The XX Factor

Check Out SyFy’s New Show Defiance for the Women

Julie Benz is Amanda Rosewater on Defiance

Photo by Rob Kim/Getty Images

It’s been a dismal spring for networks trying to launch new television shows, but SyFy appears to have scored a success with Defiance, a mashup between the aftermath of an alien invasion and a Western. The show scored a cable-respectable 2.7 million viewers, 1.3 million of them in the coveted 18-49 demographic, in its debut on Monday night.

Defiance has a somewhat lighter tone than SyFy’s last serious critical hit, the remake of Battlestar Galactica. But it has one thing in common with Ronald D. Moore’s epic throwdown between humans and their genocidal creations: promising female characters. On the human side of the ledger, there’s Julie Benz, who’s most famous for her turns as vampire Darla on Buffy the Vampire Slayer, and as serial killer Dexter Morgan’s unknowing wife Rita on Dexter. Defiance has given her an intriguing role as Amanda Rosewater, the newly-inaugurated mayor—a part that could turn her into Laura Roslin, but with fewer snake-filled visions and more comedic potential. Her sister Kenya (Mia Kirshner), runs Defiance’s brothel, a setup that’s a bit of a frontier cliche. But showrunner Kevin Murphy promised at the Television Critics Association press tour in January that the brothel shakes up the Old West narrative by including among its wares “men and aliens and different races,” rather than just women.

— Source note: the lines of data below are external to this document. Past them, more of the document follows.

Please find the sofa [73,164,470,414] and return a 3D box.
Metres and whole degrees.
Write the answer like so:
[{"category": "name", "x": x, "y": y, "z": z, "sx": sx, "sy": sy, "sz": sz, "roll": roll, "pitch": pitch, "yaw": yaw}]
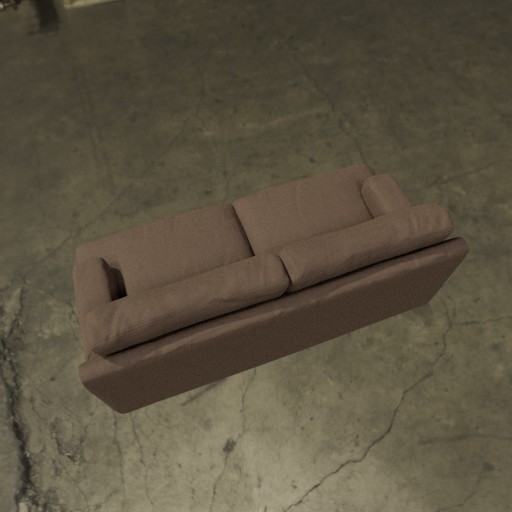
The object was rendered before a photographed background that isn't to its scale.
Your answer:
[{"category": "sofa", "x": 0.000, "y": 0.000, "z": 2.881, "sx": 2.274, "sy": 0.950, "sz": 1.140, "roll": -18, "pitch": 60, "yaw": -10}]
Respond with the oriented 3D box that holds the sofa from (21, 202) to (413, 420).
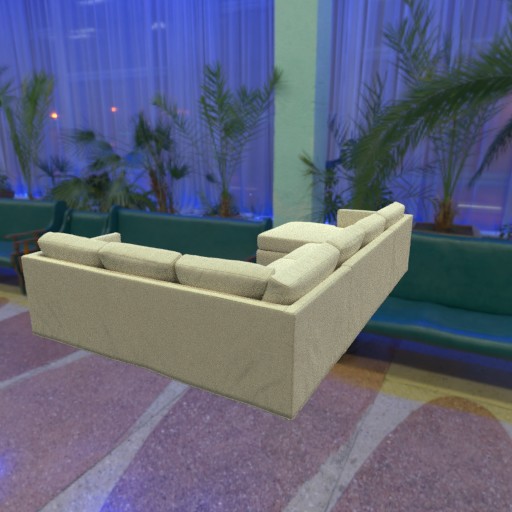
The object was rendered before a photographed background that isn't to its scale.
[{"bbox_3d":[0.000,0.000,4.509,2.448,0.882,3.464,8,18,27],"label":"sofa"}]

And there are good roles for female alien characters, too. Stahma (Jaime Murray) is kind of an elite alien Cersei Lannister, the wife of a powerful member of Defiance’s ruling class. And as Irisa, the adopted daughter of Grant Bowler’s Jed, a former Marine who accepts a job as Defiance’s sheriff, Stephanie Leonidas gets to play a rather rare thing: a sulky alien teenager.

In other words, Defiance is about aliens and catastrophes and big space battles, but it’s also more about day-to-day life than Battlestar Galactica, set in the midst of an ongoing crisis, was ever going to be. And it’s got big, intergenerational lanes for women to play in. I’ll be tuning in to see how Amanda handles a brewing dispute between human and alien families, what Stahma’s real agenda is, and how Irisa’s adopted dad reacts to the prospect of her dating. It’s nice to see a genre show offer its fans good female characters as well as good alien design.